Exercise prompt ::
Once the line containing "Your answer should be very brief. 82.81." is found in the entries below, reproduce it and every line after it, stopping at and including the line containing "Keep it short and to the point. 20."; reproduce nothing else, and keep each line exact.
──────── Given data
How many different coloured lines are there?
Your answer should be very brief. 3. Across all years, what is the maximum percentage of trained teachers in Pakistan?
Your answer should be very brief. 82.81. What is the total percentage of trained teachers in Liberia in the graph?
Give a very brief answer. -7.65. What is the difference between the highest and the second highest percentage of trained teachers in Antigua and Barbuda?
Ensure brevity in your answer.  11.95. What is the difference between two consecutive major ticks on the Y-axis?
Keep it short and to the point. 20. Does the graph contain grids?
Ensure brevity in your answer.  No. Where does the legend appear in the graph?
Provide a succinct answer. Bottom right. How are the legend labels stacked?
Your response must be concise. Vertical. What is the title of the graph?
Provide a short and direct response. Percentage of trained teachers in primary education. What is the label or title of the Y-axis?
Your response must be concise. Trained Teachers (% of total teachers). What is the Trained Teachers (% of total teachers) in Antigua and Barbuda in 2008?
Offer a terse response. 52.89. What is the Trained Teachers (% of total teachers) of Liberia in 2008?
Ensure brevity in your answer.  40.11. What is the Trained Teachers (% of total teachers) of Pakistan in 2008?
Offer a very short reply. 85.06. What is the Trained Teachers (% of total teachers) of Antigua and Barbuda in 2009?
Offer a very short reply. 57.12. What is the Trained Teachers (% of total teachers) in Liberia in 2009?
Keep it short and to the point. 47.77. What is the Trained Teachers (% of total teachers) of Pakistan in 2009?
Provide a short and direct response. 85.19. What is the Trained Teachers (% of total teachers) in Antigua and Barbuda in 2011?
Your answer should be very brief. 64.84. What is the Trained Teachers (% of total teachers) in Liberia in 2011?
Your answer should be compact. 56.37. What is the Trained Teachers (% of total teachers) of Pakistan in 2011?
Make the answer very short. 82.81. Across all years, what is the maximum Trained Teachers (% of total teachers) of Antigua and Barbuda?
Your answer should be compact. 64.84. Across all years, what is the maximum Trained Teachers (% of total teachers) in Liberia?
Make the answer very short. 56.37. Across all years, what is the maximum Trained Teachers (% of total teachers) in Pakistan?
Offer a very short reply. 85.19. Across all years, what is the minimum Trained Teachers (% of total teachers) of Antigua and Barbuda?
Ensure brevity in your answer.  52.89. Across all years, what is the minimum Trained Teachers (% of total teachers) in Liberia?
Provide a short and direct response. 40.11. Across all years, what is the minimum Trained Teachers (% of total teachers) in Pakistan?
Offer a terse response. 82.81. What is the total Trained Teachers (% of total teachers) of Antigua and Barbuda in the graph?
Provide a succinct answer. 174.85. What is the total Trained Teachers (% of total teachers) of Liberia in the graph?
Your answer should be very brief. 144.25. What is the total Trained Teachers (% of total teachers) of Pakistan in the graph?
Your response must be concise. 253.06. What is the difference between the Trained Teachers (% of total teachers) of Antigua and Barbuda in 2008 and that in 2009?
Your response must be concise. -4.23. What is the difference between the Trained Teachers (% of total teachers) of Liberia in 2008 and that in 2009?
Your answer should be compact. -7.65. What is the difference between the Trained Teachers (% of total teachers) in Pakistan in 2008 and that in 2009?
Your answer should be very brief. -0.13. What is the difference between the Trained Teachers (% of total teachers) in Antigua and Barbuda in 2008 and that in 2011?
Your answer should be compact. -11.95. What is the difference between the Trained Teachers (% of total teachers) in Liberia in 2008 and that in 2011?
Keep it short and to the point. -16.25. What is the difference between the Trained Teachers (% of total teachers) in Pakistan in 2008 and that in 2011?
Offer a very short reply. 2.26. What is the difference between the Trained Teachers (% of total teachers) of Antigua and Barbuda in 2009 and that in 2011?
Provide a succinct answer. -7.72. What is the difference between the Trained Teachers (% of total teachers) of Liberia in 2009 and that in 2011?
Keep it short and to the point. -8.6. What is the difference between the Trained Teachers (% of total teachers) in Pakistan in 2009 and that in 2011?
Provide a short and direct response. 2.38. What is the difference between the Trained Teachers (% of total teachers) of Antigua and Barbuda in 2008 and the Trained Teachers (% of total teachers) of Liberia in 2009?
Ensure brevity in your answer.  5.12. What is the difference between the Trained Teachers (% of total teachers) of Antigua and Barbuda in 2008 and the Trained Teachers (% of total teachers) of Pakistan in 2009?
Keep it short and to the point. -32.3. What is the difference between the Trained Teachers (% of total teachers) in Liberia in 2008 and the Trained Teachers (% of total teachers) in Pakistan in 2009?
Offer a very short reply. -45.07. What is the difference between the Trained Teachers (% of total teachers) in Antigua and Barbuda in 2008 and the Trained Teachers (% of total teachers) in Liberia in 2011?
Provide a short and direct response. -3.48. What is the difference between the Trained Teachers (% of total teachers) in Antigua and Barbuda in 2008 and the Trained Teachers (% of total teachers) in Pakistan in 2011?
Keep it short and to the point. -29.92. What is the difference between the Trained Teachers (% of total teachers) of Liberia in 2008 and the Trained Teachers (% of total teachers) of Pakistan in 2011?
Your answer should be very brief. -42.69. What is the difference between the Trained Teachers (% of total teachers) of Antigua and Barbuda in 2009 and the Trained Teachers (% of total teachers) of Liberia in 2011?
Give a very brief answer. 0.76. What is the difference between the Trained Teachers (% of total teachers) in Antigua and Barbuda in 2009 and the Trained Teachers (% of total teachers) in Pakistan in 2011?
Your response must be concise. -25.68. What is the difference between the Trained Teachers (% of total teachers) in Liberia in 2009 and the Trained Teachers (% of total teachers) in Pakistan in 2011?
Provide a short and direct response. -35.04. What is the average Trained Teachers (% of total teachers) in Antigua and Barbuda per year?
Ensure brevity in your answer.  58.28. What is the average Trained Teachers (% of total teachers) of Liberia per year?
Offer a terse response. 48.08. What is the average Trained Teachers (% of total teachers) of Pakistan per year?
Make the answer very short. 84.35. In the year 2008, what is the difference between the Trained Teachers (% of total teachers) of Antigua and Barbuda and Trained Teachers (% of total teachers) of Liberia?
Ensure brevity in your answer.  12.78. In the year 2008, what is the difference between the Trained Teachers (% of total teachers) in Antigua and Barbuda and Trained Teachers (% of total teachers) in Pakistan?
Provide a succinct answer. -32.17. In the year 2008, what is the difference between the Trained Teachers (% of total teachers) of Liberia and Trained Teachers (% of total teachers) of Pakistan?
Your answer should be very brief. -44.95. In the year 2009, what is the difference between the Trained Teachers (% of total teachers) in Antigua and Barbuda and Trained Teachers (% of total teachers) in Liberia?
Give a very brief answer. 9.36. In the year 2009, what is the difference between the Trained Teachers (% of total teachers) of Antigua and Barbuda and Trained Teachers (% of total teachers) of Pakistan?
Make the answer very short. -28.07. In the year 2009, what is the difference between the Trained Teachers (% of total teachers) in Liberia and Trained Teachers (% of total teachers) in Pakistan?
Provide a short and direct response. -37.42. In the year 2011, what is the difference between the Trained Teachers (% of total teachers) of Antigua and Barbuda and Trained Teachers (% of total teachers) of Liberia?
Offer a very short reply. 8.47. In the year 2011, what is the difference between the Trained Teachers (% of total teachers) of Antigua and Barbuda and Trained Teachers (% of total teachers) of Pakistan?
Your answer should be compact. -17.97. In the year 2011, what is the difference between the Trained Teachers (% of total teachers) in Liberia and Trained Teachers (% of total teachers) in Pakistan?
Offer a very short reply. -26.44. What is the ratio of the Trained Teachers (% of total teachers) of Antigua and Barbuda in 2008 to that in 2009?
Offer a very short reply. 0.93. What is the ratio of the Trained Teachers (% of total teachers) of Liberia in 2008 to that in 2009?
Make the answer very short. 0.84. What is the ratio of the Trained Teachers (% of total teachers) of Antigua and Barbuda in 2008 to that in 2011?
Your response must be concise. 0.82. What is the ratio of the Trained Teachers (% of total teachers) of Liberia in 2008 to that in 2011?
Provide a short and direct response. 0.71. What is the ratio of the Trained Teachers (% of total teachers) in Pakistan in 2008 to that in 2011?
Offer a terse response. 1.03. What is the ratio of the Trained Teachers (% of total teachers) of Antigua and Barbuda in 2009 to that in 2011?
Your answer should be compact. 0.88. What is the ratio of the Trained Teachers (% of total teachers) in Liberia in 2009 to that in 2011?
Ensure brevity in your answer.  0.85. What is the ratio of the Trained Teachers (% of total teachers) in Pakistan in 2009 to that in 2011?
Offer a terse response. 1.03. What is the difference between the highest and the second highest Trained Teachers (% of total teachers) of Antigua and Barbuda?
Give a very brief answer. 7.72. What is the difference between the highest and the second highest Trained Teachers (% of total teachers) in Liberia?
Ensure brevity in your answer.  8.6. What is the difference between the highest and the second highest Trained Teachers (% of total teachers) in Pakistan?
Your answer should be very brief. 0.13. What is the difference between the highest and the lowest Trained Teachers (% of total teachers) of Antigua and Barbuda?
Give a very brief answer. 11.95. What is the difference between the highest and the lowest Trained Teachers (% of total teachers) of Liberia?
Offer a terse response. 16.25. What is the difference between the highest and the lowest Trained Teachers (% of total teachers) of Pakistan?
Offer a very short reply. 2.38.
────────────────
Written answer ::
Your answer should be very brief. 82.81. What is the total percentage of trained teachers in Liberia in the graph?
Give a very brief answer. -7.65. What is the difference between the highest and the second highest percentage of trained teachers in Antigua and Barbuda?
Ensure brevity in your answer.  11.95. What is the difference between two consecutive major ticks on the Y-axis?
Keep it short and to the point. 20. Does the graph contain grids?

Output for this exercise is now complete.